◆ Problem details ◆
Carry over every entry exactly as written, though not the pictures it contains.

[Stored items from a collection]
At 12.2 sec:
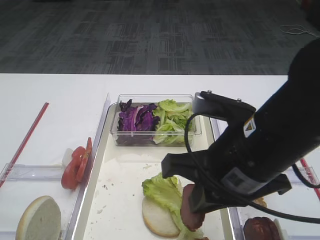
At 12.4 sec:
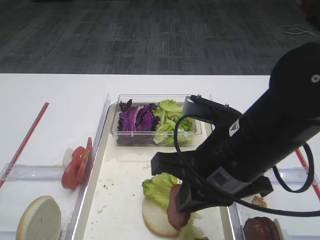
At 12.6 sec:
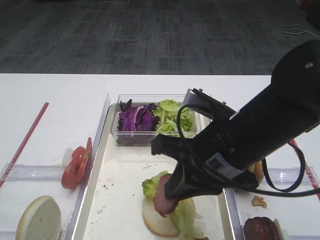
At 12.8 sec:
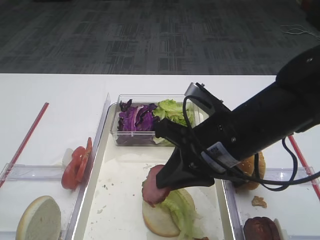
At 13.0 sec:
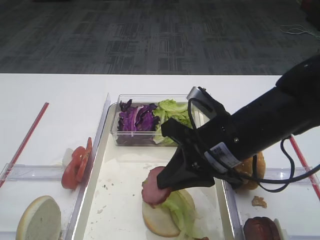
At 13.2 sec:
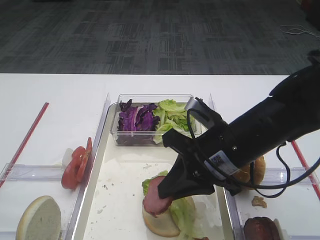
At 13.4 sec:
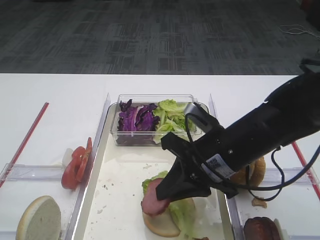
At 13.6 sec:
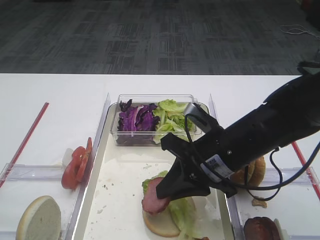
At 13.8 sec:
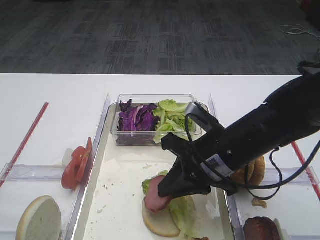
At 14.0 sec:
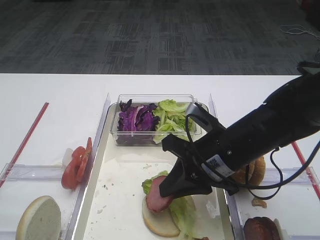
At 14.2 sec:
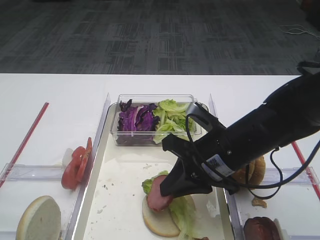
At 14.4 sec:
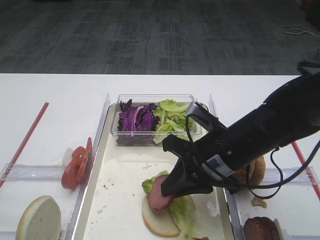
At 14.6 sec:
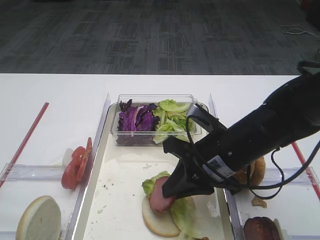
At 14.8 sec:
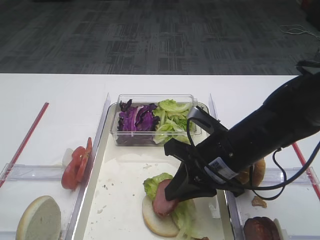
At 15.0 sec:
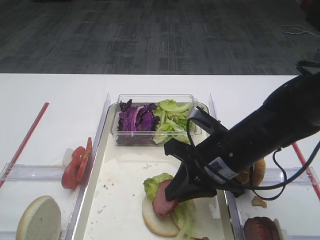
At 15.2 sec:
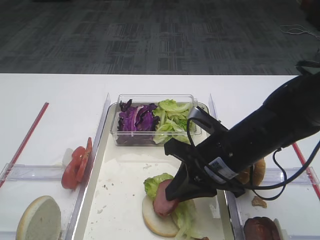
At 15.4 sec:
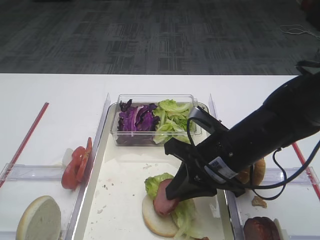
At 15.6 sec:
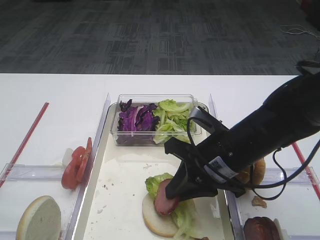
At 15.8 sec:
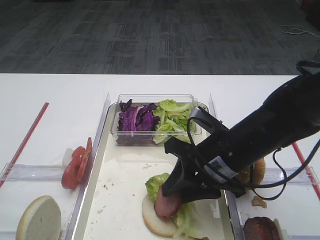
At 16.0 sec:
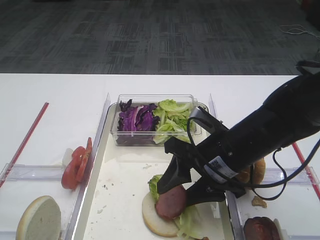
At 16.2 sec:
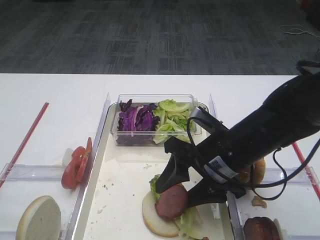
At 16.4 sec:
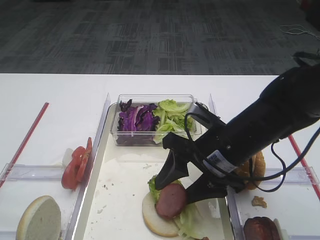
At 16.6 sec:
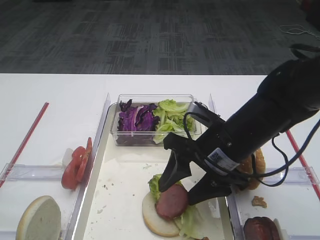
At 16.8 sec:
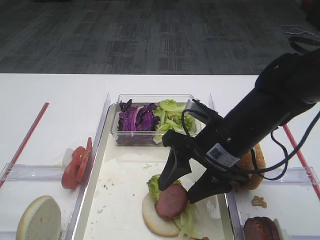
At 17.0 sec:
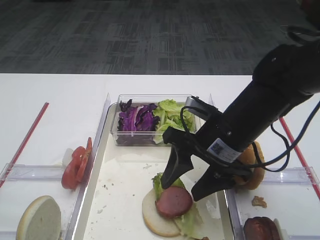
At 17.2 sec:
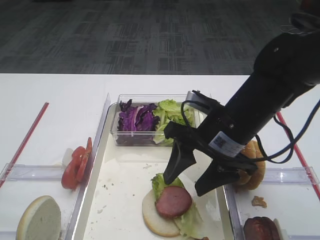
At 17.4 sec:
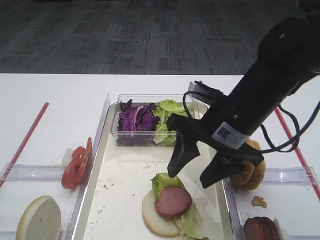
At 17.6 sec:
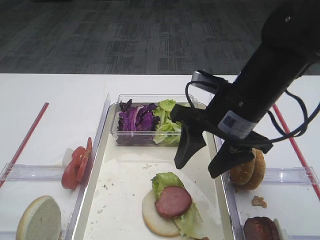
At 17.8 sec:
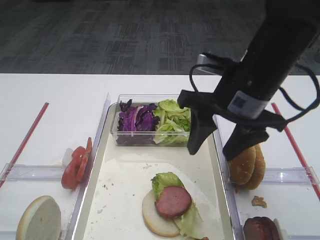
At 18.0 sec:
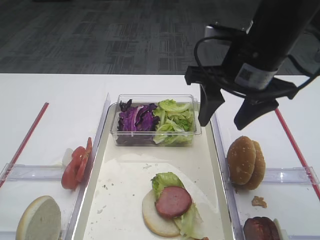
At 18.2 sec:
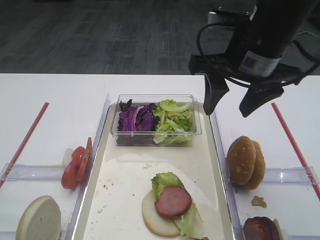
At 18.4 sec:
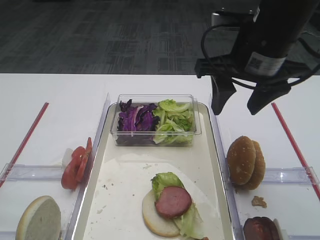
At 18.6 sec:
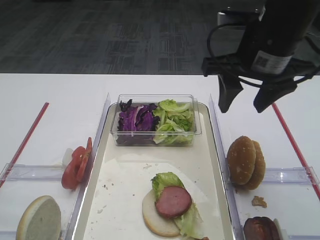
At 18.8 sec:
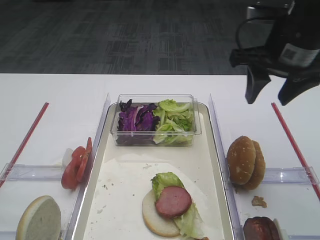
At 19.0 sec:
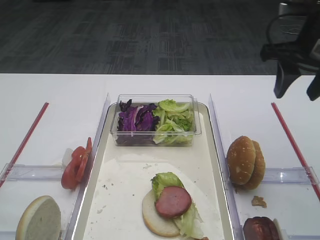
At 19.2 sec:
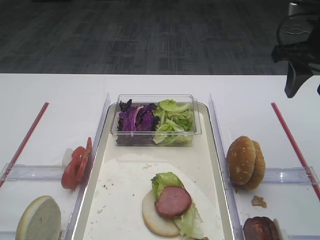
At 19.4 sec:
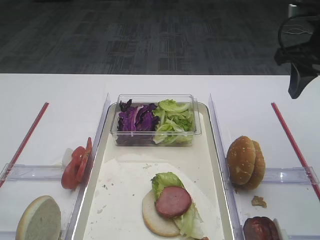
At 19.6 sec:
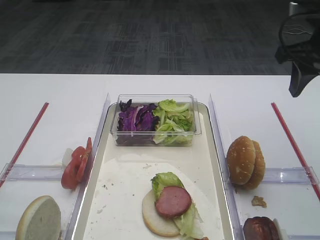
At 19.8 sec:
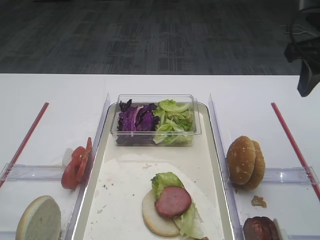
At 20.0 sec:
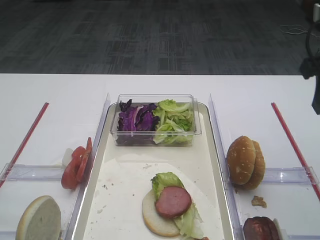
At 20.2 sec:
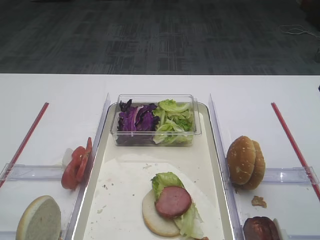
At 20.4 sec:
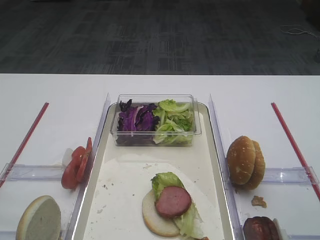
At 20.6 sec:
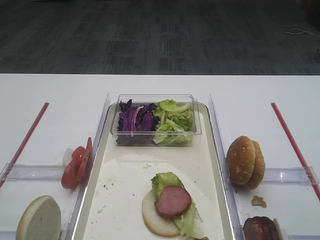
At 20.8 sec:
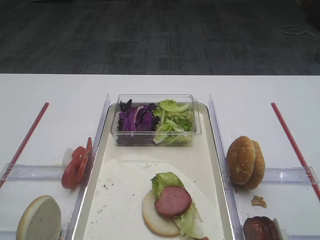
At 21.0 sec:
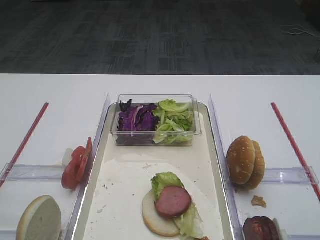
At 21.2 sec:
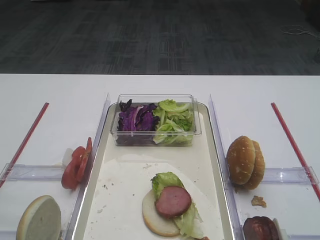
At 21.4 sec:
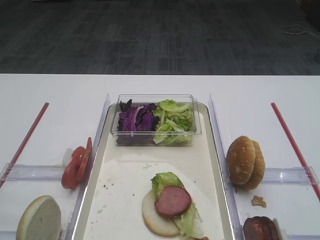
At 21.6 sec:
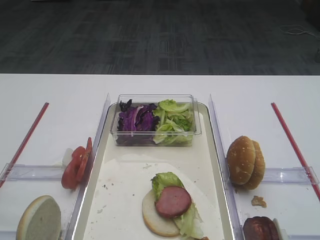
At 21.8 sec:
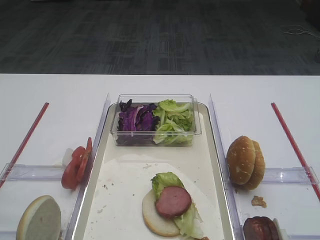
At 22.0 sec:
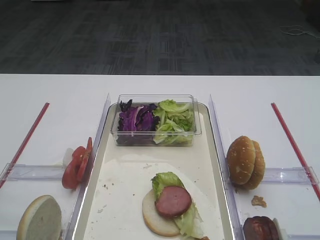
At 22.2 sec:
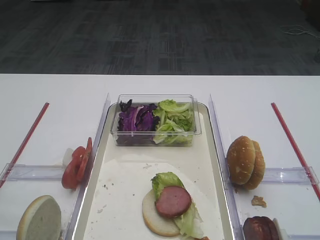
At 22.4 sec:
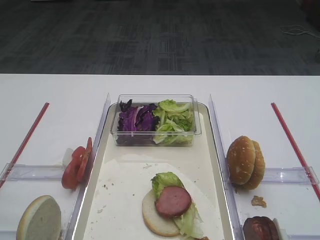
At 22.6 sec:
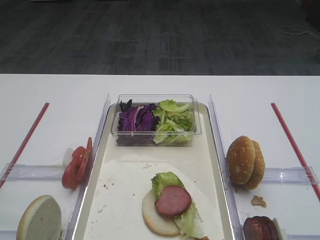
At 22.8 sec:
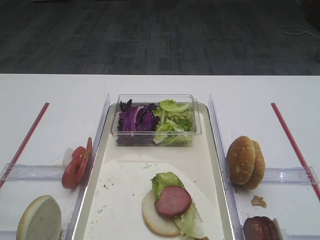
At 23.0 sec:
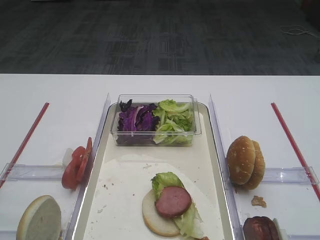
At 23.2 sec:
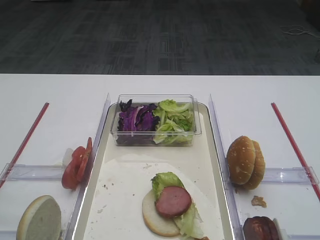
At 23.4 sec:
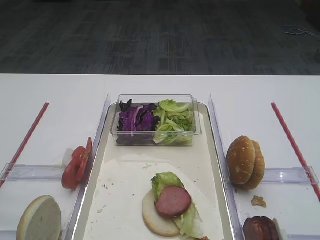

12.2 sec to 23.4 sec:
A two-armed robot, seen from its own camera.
Step, 12.2 sec to 17.0 sec: Place the cutlet on the lettuce leaf with the right gripper.
12.2 sec to 13.8 sec: The right gripper is displaced downward and forward by roughly 10 cm.
13.8 sec to 15.4 sec: The grippers stay close to where they were, moving slightly.
15.4 sec to 17.0 sec: The right gripper opens its fingers.
17.0 sec to 18.6 sec: The right gripper travels upward by roughly 10 cm.
18.6 sec to 20.2 sec: The right gripper shifts roughly 15 cm to the right and backward.
21.8 sec to 23.4 sec: Both grippers stay put.
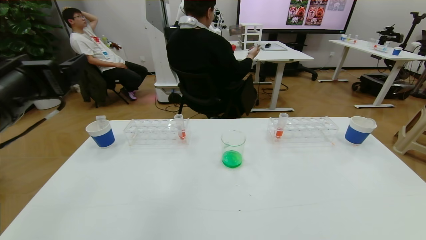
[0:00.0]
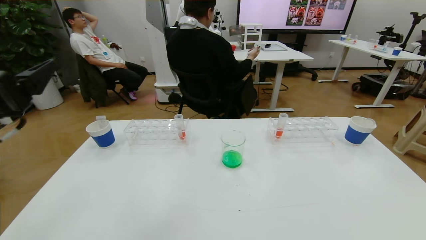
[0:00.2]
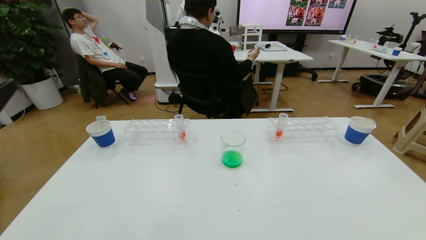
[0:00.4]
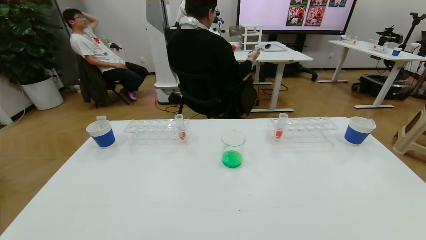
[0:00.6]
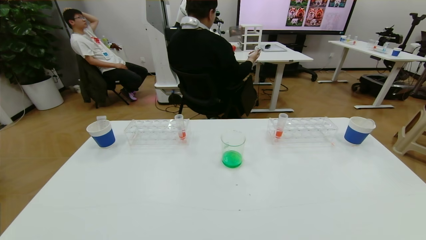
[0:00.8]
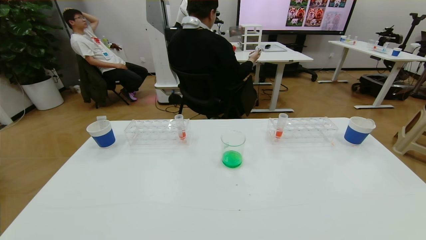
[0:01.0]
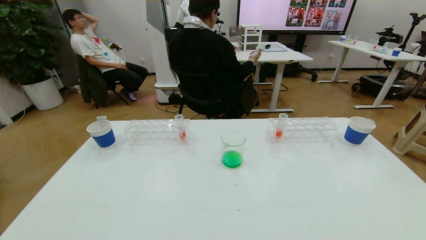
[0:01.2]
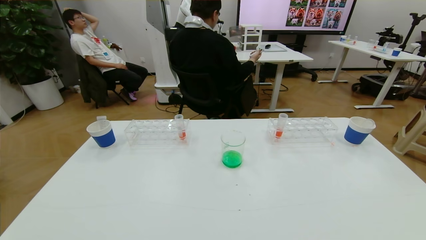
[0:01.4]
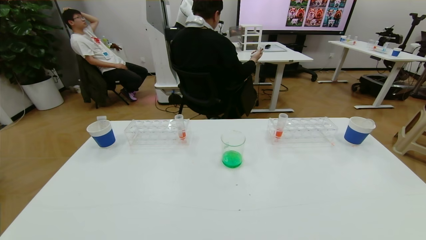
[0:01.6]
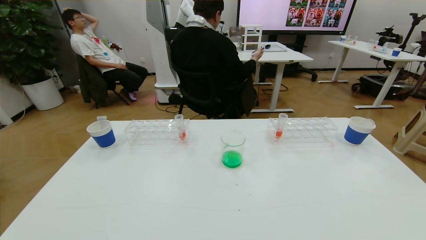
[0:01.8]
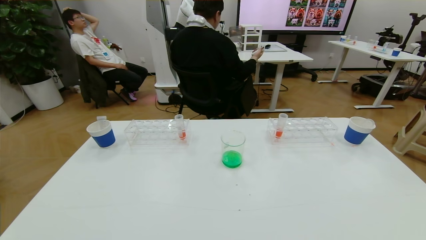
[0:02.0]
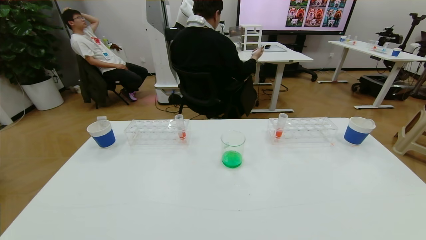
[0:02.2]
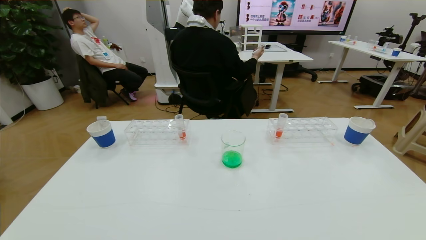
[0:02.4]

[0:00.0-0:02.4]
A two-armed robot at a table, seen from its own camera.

◆ Written answer ◆
At 12.2 sec:
At 12.4 sec:
At 12.6 sec:
At 12.8 sec:
At 13.0 sec:
At 13.2 sec:
At 13.4 sec:
At 13.6 sec:
At 13.8 sec:
At 14.0 sec:
At 14.2 sec:
At 14.4 sec:
At 14.6 sec:
At 14.8 sec:
At 15.0 sec:
At 15.2 sec:
At 15.4 sec:
At 15.6 sec:
At 15.8 sec:
At 16.0 sec:
At 16.2 sec:
At 16.4 sec:
At 16.6 sec:
At 16.8 sec:
At 17.0 sec:
At 17.2 sec:
At 17.4 sec:
At 17.6 sec:
At 17.8 sec:
At 18.0 sec:
At 18.2 sec:
At 18.4 sec:
At 18.6 sec:
At 18.8 sec:
At 19.0 sec:
At 19.2 sec:
At 19.4 sec:
At 19.6 sec:
At 19.8 sec:
At 20.0 sec:
At 20.2 sec:
At 20.4 sec:
At 20.6 sec:
At 20.8 sec:
At 21.0 sec:
At 21.2 sec:
At 21.4 sec:
At 21.6 sec:
At 21.8 sec:
At 22.0 sec:
At 22.2 sec:
At 22.4 sec:
At 22.6 sec:
At 22.8 sec:
At 23.0 sec:
At 23.2 sec:
At 23.4 sec:

12.2 sec to 23.4 sec:
A two-armed robot, seen from its own camera.
Step, 12.2 sec to 17.0 sec: Place the cutlet on the lettuce leaf with the right gripper.
12.2 sec to 13.8 sec: The right gripper is displaced downward and forward by roughly 10 cm.
13.8 sec to 15.4 sec: The grippers stay close to where they were, moving slightly.
15.4 sec to 17.0 sec: The right gripper opens its fingers.
17.0 sec to 18.6 sec: The right gripper travels upward by roughly 10 cm.
18.6 sec to 20.2 sec: The right gripper shifts roughly 15 cm to the right and backward.
21.8 sec to 23.4 sec: Both grippers stay put.
[0:00.0]
[0:00.2]
[0:00.4]
[0:00.6]
[0:00.8]
[0:01.0]
[0:01.2]
[0:01.4]
[0:01.6]
[0:01.8]
[0:02.0]
[0:02.2]
[0:02.4]

[0:00.0-0:02.4]
A two-armed robot at a table, seen from its own camera.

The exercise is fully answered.